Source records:
....

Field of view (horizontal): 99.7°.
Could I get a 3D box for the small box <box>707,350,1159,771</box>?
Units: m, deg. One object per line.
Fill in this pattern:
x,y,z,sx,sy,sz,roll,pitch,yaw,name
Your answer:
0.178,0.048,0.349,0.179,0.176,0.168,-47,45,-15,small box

....

- **What to do**
Output the records again in full. Keep every character as written.

- **Task result**
Field of view (horizontal): 99.7°.
Could I get a 3D box for the small box <box>707,350,1159,771</box>?
Units: m, deg. One object per line.
Fill in this pattern:
x,y,z,sx,sy,sz,roll,pitch,yaw,name
Your answer:
0.178,0.048,0.349,0.179,0.176,0.168,-47,45,-15,small box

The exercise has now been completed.